CLAUDE.md · AGENTS.md · the rule-file pattern
CLAUDE.md · AGENTS.md · the rule-file pattern
As AI coding assistants multiplied, the convention "write the project rules and context in a single file" took root. Tools differ slightly in name and location, but the intent is similar.
1. About rule files
| File | Tool / ecosystem |
|---|---|
CLAUDE.md |
Anthropic Claude Code. |
AGENTS.md |
Adopted by OpenAI Codex and many others. |
.cursorrules / .cursor/rules/*.mdc |
Cursor (old and new formats coexist). |
.github/copilot-instructions.md |
GitHub Copilot. |
.windsurf/rules/* |
Windsurf. |
CONVENTIONS.md |
Bound explicitly in aider and others. |
.continue/*.md |
Continue. |
.zed/* |
Zed. |
The same place (project rules and context) is handled, but each tool has different load rules and precedence.
The rise of AGENTS.md — it's mentioned because it started as an OpenAI Codex-style adoption, and its tool-neutral name appeals; other tools either read it or support it as an alias. It's not a single standard.
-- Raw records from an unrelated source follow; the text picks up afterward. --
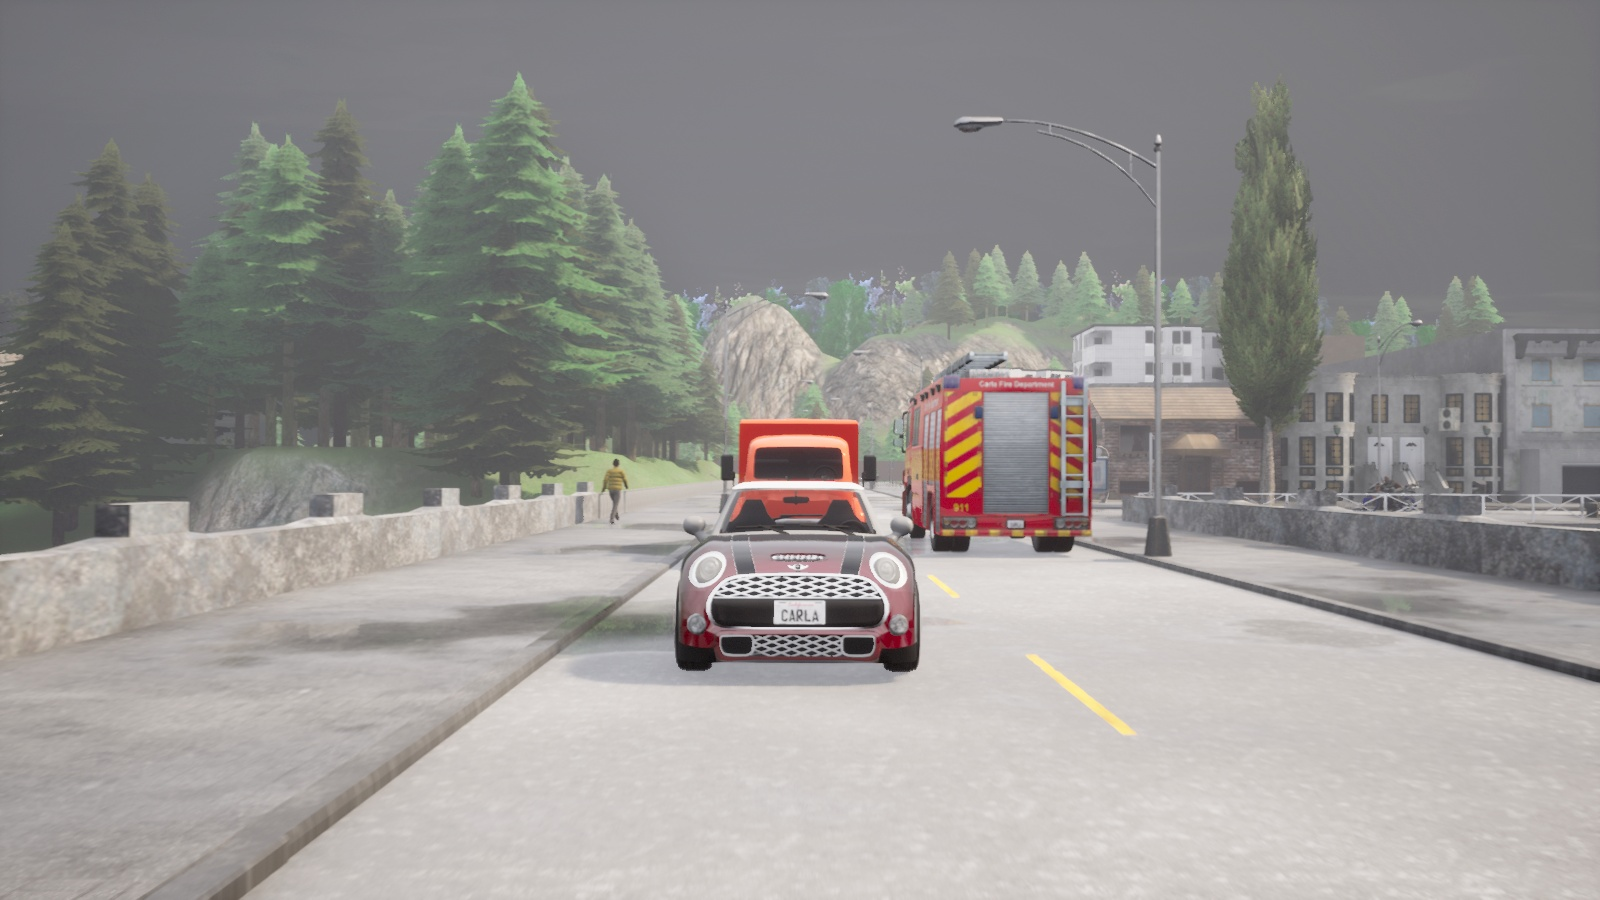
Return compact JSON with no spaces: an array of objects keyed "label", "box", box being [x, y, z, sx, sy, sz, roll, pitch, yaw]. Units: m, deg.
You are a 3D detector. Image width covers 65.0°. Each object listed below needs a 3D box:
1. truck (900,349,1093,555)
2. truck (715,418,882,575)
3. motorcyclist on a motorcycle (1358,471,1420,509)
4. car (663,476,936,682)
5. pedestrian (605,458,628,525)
[{"label":"truck","box":[3.978,0.111,27.559,2.891,3.827,8.468,0,-1,0]},{"label":"truck","box":[-0.016,0.687,22.461,2.627,2.467,5.204,0,1,0]},{"label":"motorcyclist on a motorcycle","box":[24.489,1.658,52.230,2.191,1.530,0.866,0,-1,0]},{"label":"car","box":[-0.007,0.971,11.010,1.970,1.475,3.806,0,-1,0]},{"label":"pedestrian","box":[-5.087,1.146,34.894,0.431,1.840,0.709,0,-1,9]}]
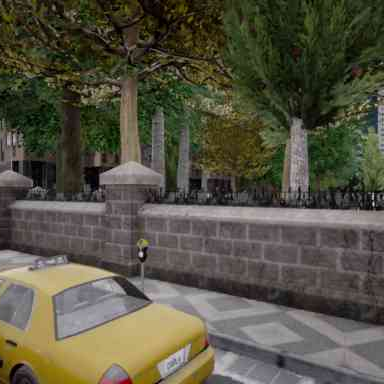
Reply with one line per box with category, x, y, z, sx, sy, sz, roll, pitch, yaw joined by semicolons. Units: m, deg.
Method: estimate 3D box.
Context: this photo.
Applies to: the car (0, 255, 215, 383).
car;-2.042;1.525;4.413;4.829;1.417;1.752;0;0;35
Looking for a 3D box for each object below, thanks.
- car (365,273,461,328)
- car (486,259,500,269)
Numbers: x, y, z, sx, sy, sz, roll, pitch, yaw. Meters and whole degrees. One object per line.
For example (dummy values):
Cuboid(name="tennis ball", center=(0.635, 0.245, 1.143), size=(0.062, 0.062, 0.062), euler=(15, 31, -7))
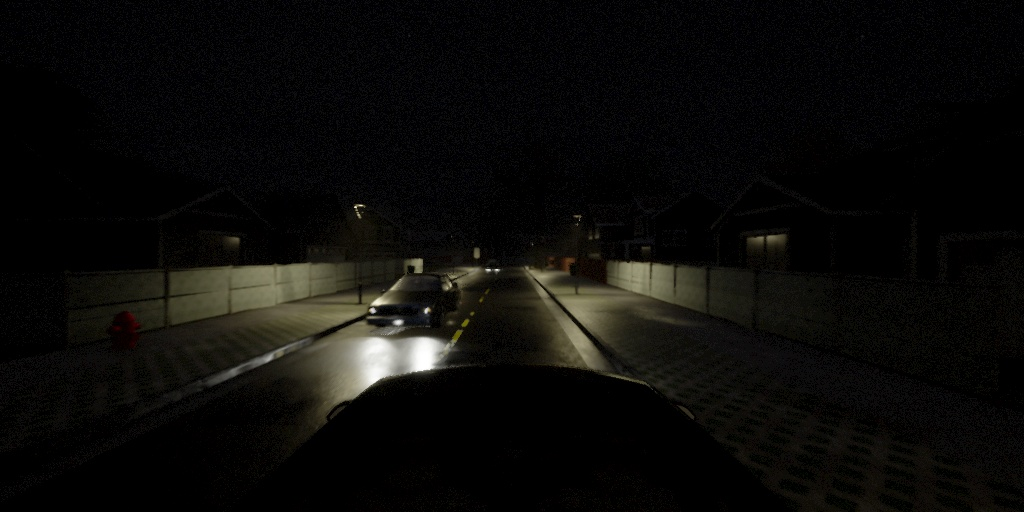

2. Per-location precedence
| Layer | Location | Meaning |
|---|---|---|
| Global | ~/.claude/CLAUDE.md |
Common to all projects. |
| Project | <repo>/CLAUDE.md |
Shareable with the team. |
| Directory | <repo>/<subdir>/CLAUDE.md |
One module of a monorepo. |
| User local | <repo>/CLAUDE.local.md |
Git-ignored, personal. |
When working in a subdirectory, that directory's rule file is also merged in — that's the common shape. Precedence and merging follow the tool's docs.
3. Multi-tool environments
A repository where Claude Code · Cursor · Copilot are all used:
- Single source of truth in one file — write in one of
AGENTS.mdorCLAUDE.md, and keep the other tool's rule files as short pointers to that file. - Aliases (symlinks) — create one file and symlink to other names.
- Write each separately — independent per tool. Drift risk.
The frequently seen shape is consolidating to one place and keeping the rest brief.
4. Merging mechanism
Tools usually inject rules into model context in one of these ways:
- Concatenate all matching files plainly.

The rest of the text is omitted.